What is required
Repeat nothing but the lines below running from the one containing "- person [601,324,660,524]" to the one containing "- person [1136,0,1179,129]". Keep both end lines.

Data for the task

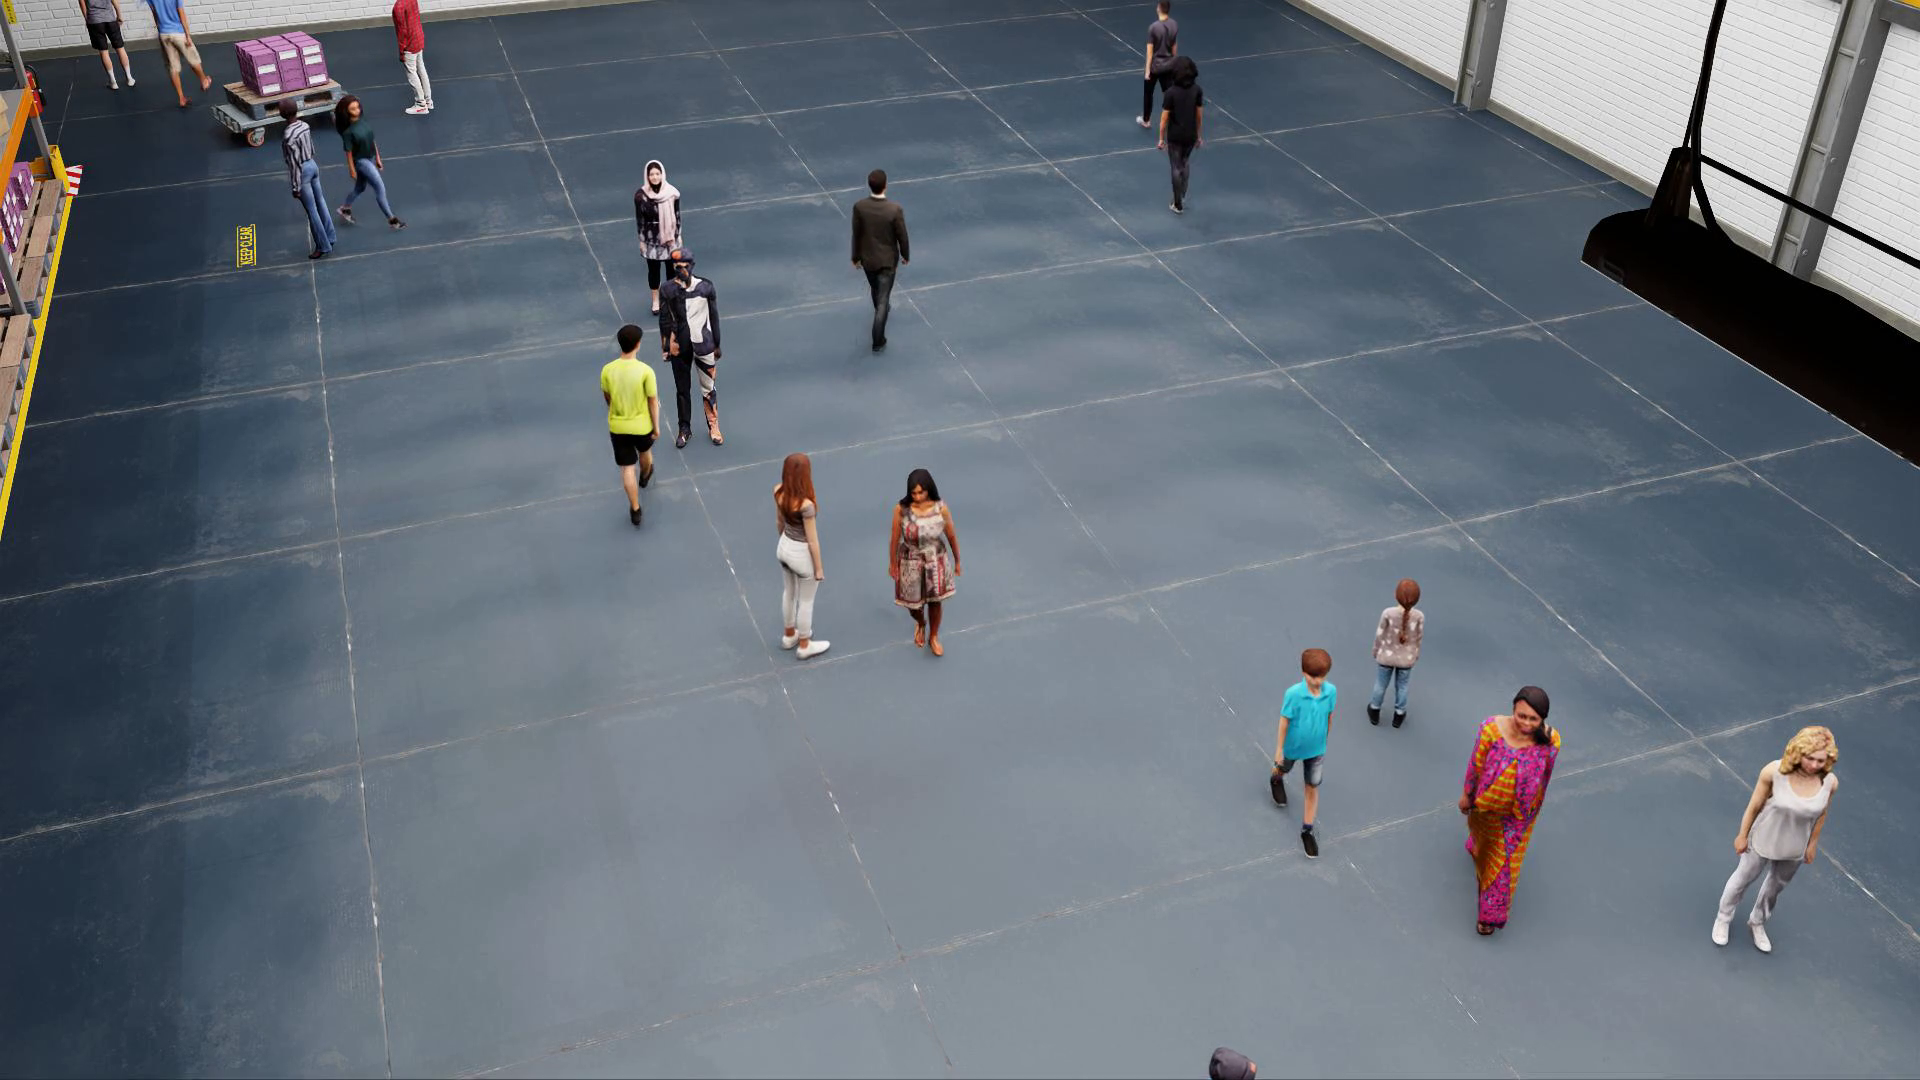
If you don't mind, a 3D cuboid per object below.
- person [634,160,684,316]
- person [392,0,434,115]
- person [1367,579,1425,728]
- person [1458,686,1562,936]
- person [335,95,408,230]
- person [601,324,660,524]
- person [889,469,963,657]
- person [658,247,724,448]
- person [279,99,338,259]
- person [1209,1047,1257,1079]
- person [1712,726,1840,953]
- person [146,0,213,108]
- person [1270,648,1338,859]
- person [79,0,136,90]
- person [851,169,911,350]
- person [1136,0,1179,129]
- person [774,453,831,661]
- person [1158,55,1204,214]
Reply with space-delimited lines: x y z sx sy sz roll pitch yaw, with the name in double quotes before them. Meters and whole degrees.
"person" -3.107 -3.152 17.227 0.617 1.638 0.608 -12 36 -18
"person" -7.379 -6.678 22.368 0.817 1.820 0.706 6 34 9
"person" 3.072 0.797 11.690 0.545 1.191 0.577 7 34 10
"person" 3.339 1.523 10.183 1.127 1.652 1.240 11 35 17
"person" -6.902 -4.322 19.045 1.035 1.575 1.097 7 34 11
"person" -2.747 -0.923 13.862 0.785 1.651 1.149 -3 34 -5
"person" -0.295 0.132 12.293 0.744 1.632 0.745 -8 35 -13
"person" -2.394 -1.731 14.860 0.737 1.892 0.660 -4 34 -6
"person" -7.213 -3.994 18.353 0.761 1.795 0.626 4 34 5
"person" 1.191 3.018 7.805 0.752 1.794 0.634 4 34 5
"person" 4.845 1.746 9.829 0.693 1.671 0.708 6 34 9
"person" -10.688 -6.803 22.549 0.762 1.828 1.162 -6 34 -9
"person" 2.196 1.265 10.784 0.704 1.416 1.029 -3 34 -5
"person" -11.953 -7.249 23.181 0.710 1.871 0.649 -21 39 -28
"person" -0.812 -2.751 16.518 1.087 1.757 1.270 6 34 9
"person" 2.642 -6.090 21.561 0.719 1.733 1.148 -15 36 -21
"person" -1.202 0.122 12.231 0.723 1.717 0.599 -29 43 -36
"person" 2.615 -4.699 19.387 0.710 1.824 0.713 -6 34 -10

--

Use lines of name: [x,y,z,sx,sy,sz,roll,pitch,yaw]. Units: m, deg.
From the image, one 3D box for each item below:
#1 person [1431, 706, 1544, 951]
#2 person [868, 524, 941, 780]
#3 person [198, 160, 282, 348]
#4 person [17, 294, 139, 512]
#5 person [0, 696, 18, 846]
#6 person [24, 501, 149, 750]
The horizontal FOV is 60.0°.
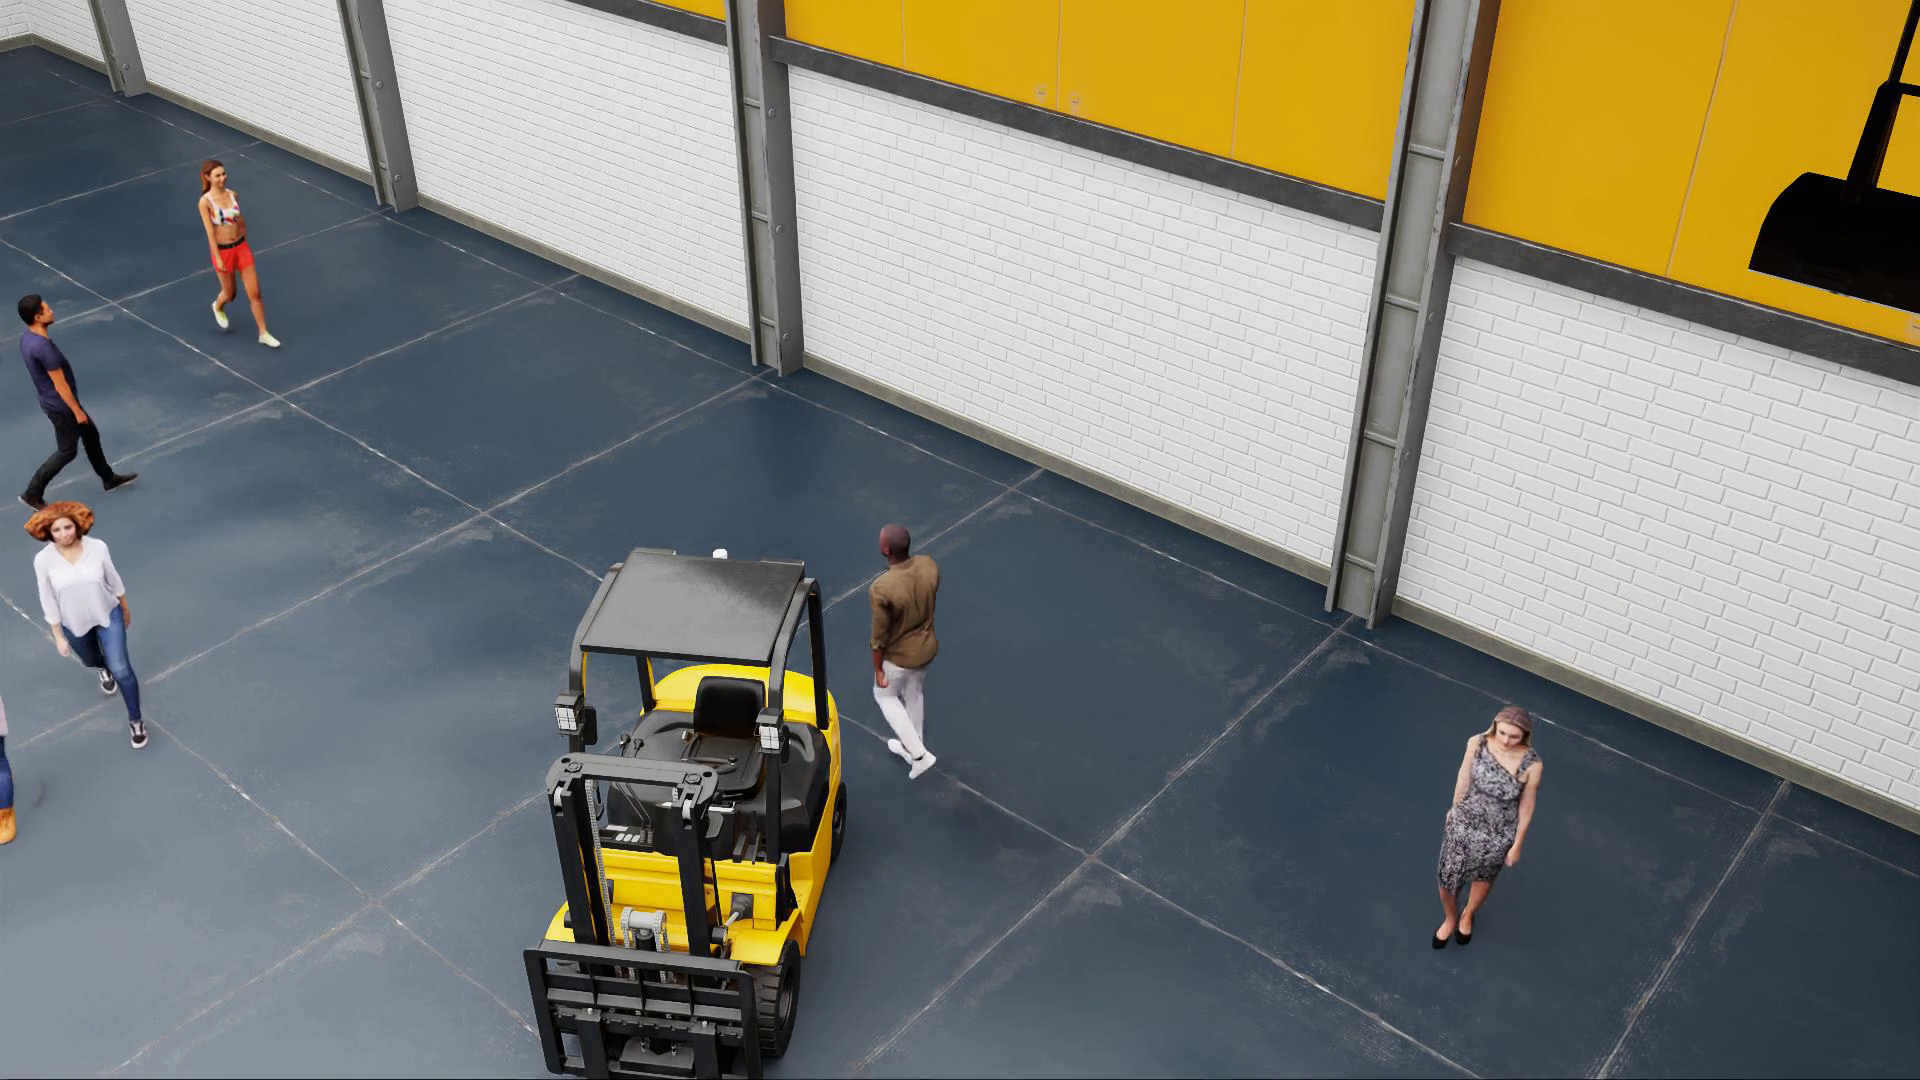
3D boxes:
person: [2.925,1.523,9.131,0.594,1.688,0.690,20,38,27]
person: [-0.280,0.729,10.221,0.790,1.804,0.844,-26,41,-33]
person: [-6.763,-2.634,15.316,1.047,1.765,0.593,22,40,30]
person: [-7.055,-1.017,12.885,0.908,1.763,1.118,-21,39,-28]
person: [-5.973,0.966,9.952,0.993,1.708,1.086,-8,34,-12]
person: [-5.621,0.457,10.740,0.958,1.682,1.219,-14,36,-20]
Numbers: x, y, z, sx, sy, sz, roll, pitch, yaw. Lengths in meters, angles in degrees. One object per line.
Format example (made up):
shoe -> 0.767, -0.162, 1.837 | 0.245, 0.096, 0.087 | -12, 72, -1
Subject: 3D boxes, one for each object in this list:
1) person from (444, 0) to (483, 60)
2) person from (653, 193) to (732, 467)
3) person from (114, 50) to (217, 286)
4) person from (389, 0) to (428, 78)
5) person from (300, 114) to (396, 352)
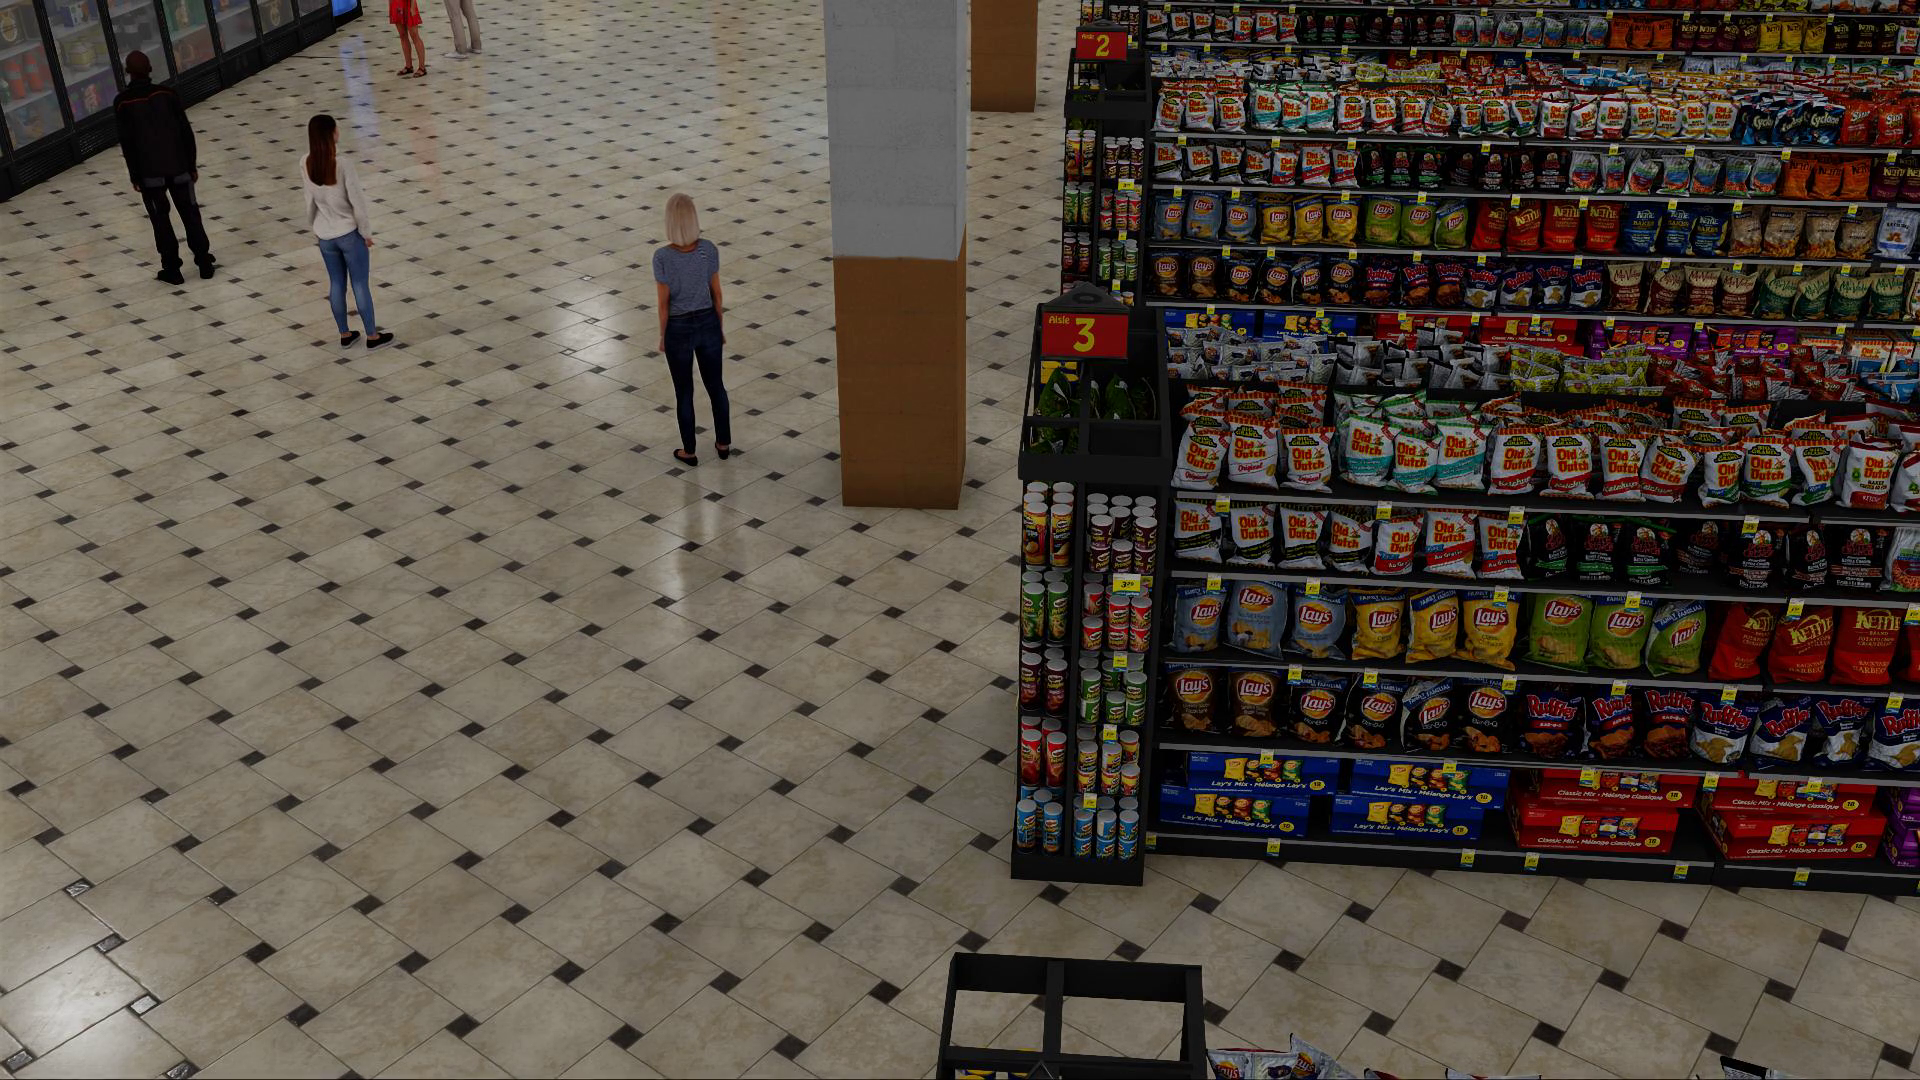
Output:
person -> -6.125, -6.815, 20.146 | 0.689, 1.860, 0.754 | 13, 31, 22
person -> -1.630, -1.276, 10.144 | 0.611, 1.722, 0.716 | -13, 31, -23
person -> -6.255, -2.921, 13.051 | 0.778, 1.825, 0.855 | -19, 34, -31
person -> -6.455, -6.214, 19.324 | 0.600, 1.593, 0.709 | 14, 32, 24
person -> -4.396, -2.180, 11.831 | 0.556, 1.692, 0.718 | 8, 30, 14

Response
- person [601,324,660,524]
- person [889,469,963,657]
- person [658,247,724,448]
- person [279,99,338,259]
- person [1209,1047,1257,1079]
- person [1712,726,1840,953]
- person [146,0,213,108]
- person [1270,648,1338,859]
- person [79,0,136,90]
- person [851,169,911,350]
- person [1136,0,1179,129]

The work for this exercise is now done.